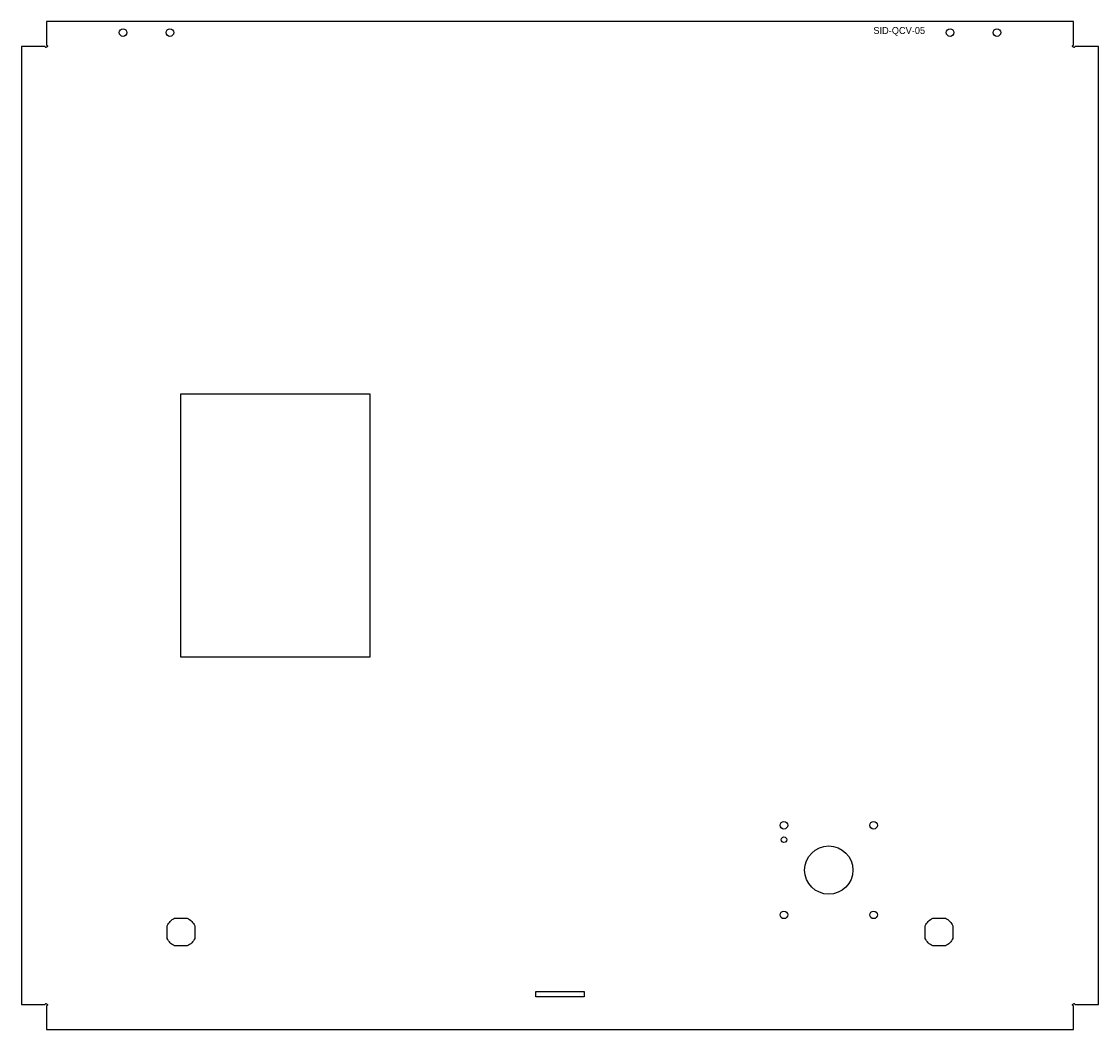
# Model space of a CAD drawing. Header units: millimetres. Extents: x -18 to 763, y -731 to 0.
import ezdxf

# ---------------------------------------------------------------- set-up
doc = ezdxf.new("R2010")
doc.units = ezdxf.units.MM

msp = doc.modelspace()

# ---------------------------------------------------------------- linework, layer by layer
for points in [[(746.23, -18.02, -0.734009), (744.86, -18.45, -0.734009), (745.29, -17.08), (745.29, 0), (0, 0), (0, -17.08, -0.734009), (0.43, -18.45, -0.734009), (-0.94, -18.02), (-18.02, -18.02), (-18.02, -713.31), (-0.94, -713.31, -0.734009), (0.43, -712.88, -0.734009), (0, -714.25), (0, -731.33), (745.29, -731.33), (745.29, -714.25, -0.734009), (744.86, -712.88, -0.734009), (746.23, -713.31), (763.31, -713.31), (763.31, -18.02)], [(107.65, -656.08), (107.65, -665.25, -0.179748), (102.23, -670.67), (93.06, -670.67, -0.179748), (87.65, -665.25), (87.65, -656.08, -0.179748), (93.06, -650.67), (102.23, -650.67, -0.179748)], [(657.65, -656.08), (657.65, -665.25, -0.179748), (652.23, -670.67), (643.06, -670.67, -0.179748), (637.65, -665.25), (637.65, -656.08, -0.179748), (643.06, -650.67), (652.23, -650.67, -0.179748)]]:
    msp.add_lwpolyline(points, format="xyb", close=True)
for points in [[(234.65, -270.17), (234.65, -461.17), (97.65, -461.17), (97.65, -270.17)], [(355.15, -707.67), (355.15, -703.67), (390.15, -703.67), (390.15, -707.67)]]:
    msp.add_lwpolyline(points, close=True)
for centre, radius in [((55.65, -8), 2.75), ((89.65, -8), 2.75), ((655.65, -8), 2.75), ((689.65, -8), 2.75), ((535.15, -583.17), 2.75), ((600.15, -583.17), 2.75), ((535.15, -593.67), 2), ((567.65, -615.67), 17.5), ((535.15, -648.17), 2.75), ((600.15, -648.17), 2.75)]:
    msp.add_circle(centre, radius)

# ---------------------------------------------------------------- texts
at = {"insert": (600, -4), "char_height": 5, "attachment_point": 1}
msp.add_mtext_dynamic_manual_height_columns('SID-QCV-05', width=35, gutter_width=1, heights=[0], dxfattribs=at)

doc.saveas('drawing.dxf')

• Problem details
Everything in the material except the pictures should be output verbatim.

• Task solution
# Model space of a CAD drawing. Header units: millimetres. Extents: x -18 to 763, y -731 to 0.
import ezdxf

# ---------------------------------------------------------------- set-up
doc = ezdxf.new("R2010")
doc.units = ezdxf.units.MM

msp = doc.modelspace()

# ---------------------------------------------------------------- linework, layer by layer
for points in [[(746.23, -18.02, -0.734009), (744.86, -18.45, -0.734009), (745.29, -17.08), (745.29, 0), (0, 0), (0, -17.08, -0.734009), (0.43, -18.45, -0.734009), (-0.94, -18.02), (-18.02, -18.02), (-18.02, -713.31), (-0.94, -713.31, -0.734009), (0.43, -712.88, -0.734009), (0, -714.25), (0, -731.33), (745.29, -731.33), (745.29, -714.25, -0.734009), (744.86, -712.88, -0.734009), (746.23, -713.31), (763.31, -713.31), (763.31, -18.02)], [(107.65, -656.08), (107.65, -665.25, -0.179748), (102.23, -670.67), (93.06, -670.67, -0.179748), (87.65, -665.25), (87.65, -656.08, -0.179748), (93.06, -650.67), (102.23, -650.67, -0.179748)], [(657.65, -656.08), (657.65, -665.25, -0.179748), (652.23, -670.67), (643.06, -670.67, -0.179748), (637.65, -665.25), (637.65, -656.08, -0.179748), (643.06, -650.67), (652.23, -650.67, -0.179748)]]:
    msp.add_lwpolyline(points, format="xyb", close=True)
for points in [[(234.65, -270.17), (234.65, -461.17), (97.65, -461.17), (97.65, -270.17)], [(355.15, -707.67), (355.15, -703.67), (390.15, -703.67), (390.15, -707.67)]]:
    msp.add_lwpolyline(points, close=True)
for centre, radius in [((55.65, -8), 2.75), ((89.65, -8), 2.75), ((655.65, -8), 2.75), ((689.65, -8), 2.75), ((535.15, -583.17), 2.75), ((600.15, -583.17), 2.75), ((535.15, -593.67), 2), ((567.65, -615.67), 17.5), ((535.15, -648.17), 2.75), ((600.15, -648.17), 2.75)]:
    msp.add_circle(centre, radius)

# ---------------------------------------------------------------- texts
at = {"insert": (600, -4), "char_height": 5, "attachment_point": 1}
msp.add_mtext_dynamic_manual_height_columns('SID-QCV-05', width=35, gutter_width=1, heights=[0], dxfattribs=at)

doc.saveas('drawing.dxf')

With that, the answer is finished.